451 chciał, by Tony połączył się z God Killerem i został obrońcą wszechświata. Zbroja powstała miliony lat przed narodzinami człowieka. Stworzyli ją kosmici znani jako Aspirants. Za jej pomocą chcieli pokonać inną równie potężną rasę - Celestials. Chociaż przegrali wojnę, udało im się wybić prawie wszystkich Celestiali, których pierwotnie było tak wielu, jak dużo jest gwiazd na niebie. Pancerz posiada więc ogromną moc i jest w stanie pozbawić życia niemal boskie istoty. Oczywiście z czasem okazało się, że 451 do kontroli nad God Killerem zaprogramował prawdziwego syna Starków - Arno. Nieświadomie porwał adoptowane dziecko Howarda i Marii. Jednak w filmowym uniwersum nie trzeba wprowadzać tych komplikacji, by pojawiła się zbroja God Killer i w należyty sposób ją wykorzystano.
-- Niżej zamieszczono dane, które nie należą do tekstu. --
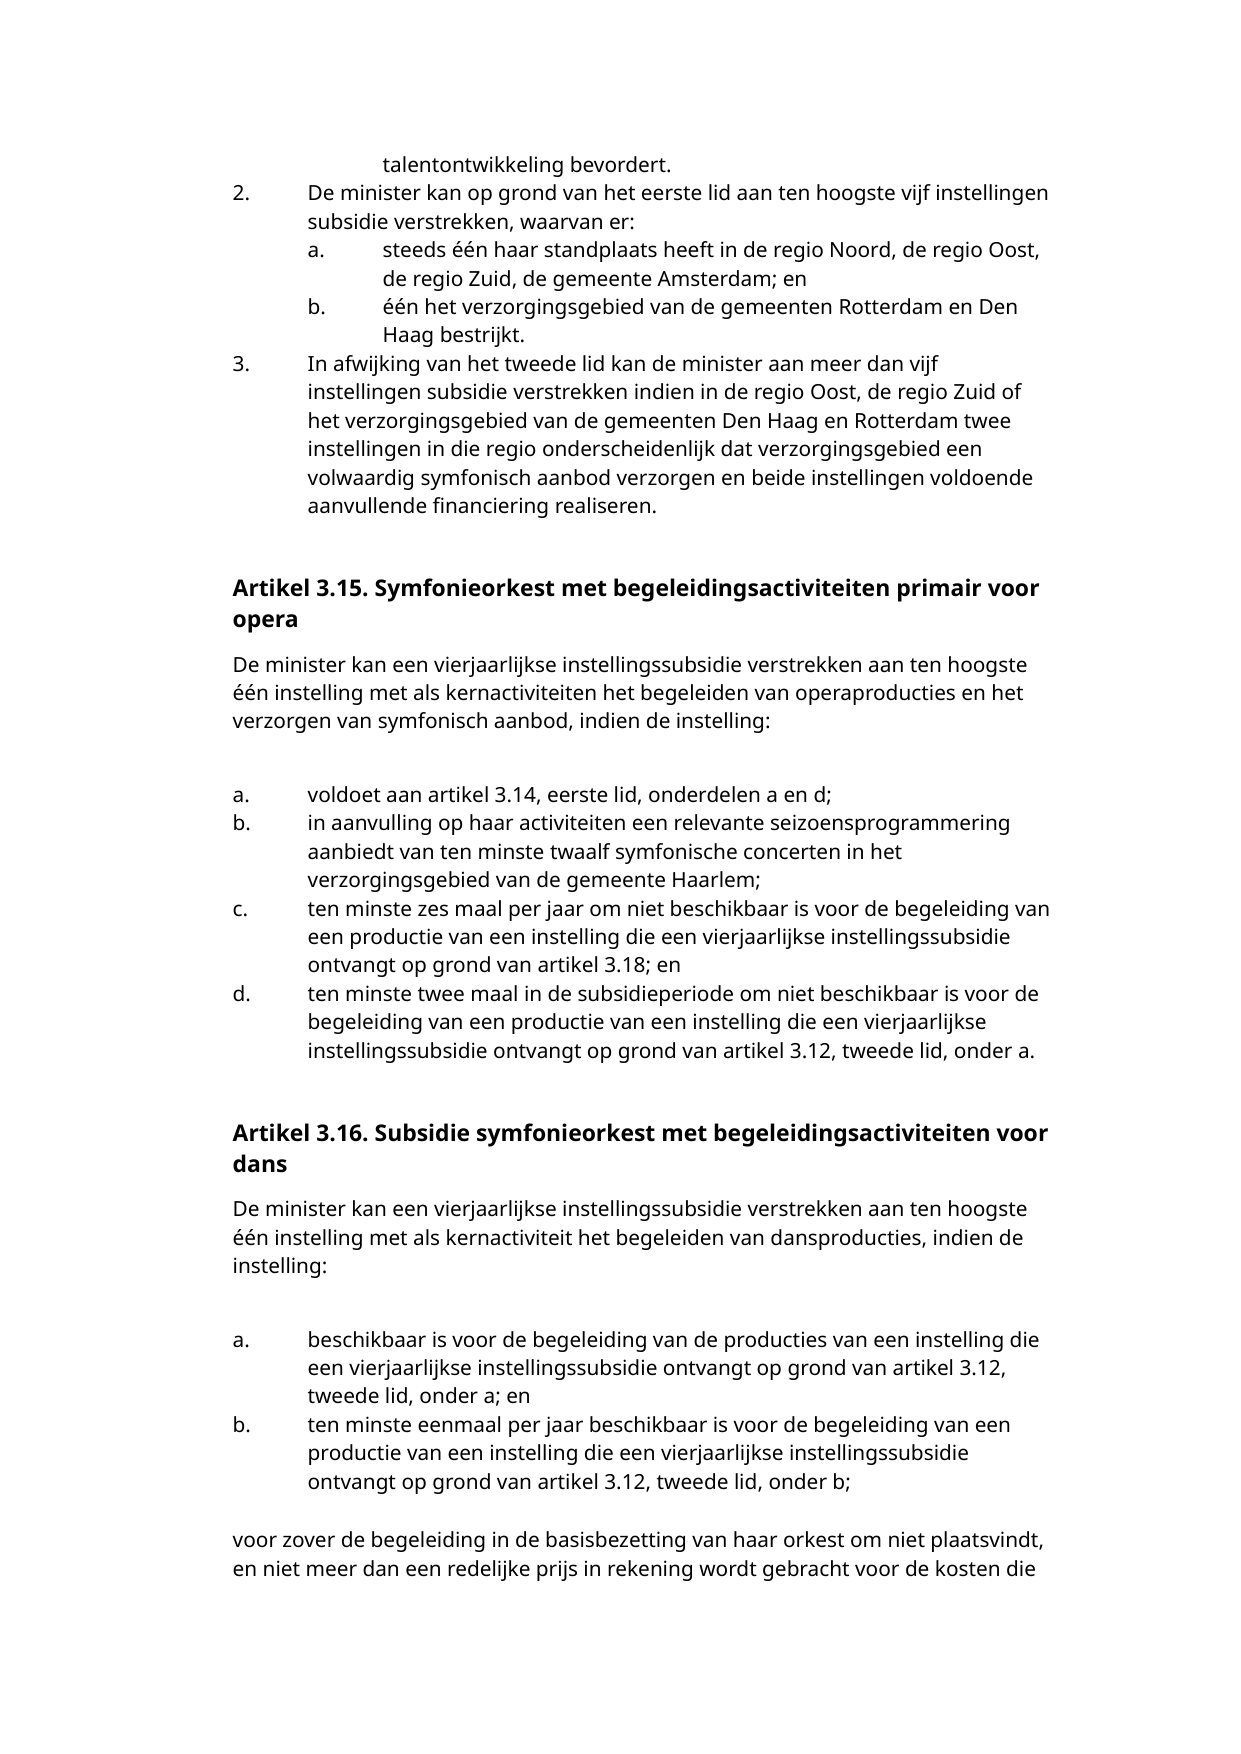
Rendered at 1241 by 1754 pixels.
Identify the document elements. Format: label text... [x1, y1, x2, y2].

Prawdę mówiąc, twórcy mogliby sobie darować nawet wątek Celestials, chociaż w filmowym uniwersum jeden z członków rasy zadebiutował w „Strażnikach Galaktyki”. Biorąc pod uwagę fakt, że Tony został sam na sam w kosmosie Nebulą, wydaje się całkiem prawdopodobne, że łącząc siły, mogą dotrzeć do starożytnej kosmicznej zbroi, którą Stark odpowiednio zmodyfikuje i użyje do walki z Thanosem. Istnieje też możliwość, że dzięki kosmicznym technologiom przewyższającymi ziemskie wynalazki, które są oczywistości dla córki Thanosa, Tony skonstruuje własną wersję zbroi God Killer - swoje najpotężniejsze dzieło.
Jeśli tak się stanie, będzie w stanie ponownie podjąć walkę z Thanosem i odebrać mu Rękawicę Nieskończoności. W „Infinity War” prawie mu się to udało, a należy pamiętać, że w komiksowym świecie Tony Stark był pierwszym Ziemianinem w historii, któremu udało się założyć potężny artefakt ze Wszystkimi Klejnotami Nieskończoności. Czy w ten sposób uda się pokonać Thanosa albo przynajmniej zabrać mu Rękawicę, by odwrócić skutki jego działań? Ten scenariusz byłby godnym pożegnaniem filmowego Iron Mana. Nie wykluczone, że heros odda życie, walcząc z Szalonym Tytanem, odwracając tym samym wizję, którą zobaczył w 2. części „Avengers”. Równie prawdopodobne jest to, że Stark przeżyje konflikt i pod koniec filmu postanowi się ustatkować. Szczególnie, że twórcy zasugerowali ciążę Pepper. Stark jako ojciec postanowi przekazać obowiązki obrońców Ziemi kontynuatorom Avengers.
Czy te przewidywania się sprawdzą? Przekonamy się na początku maja 2019 roku, kiedy film „Avengers 4” trafi do kin.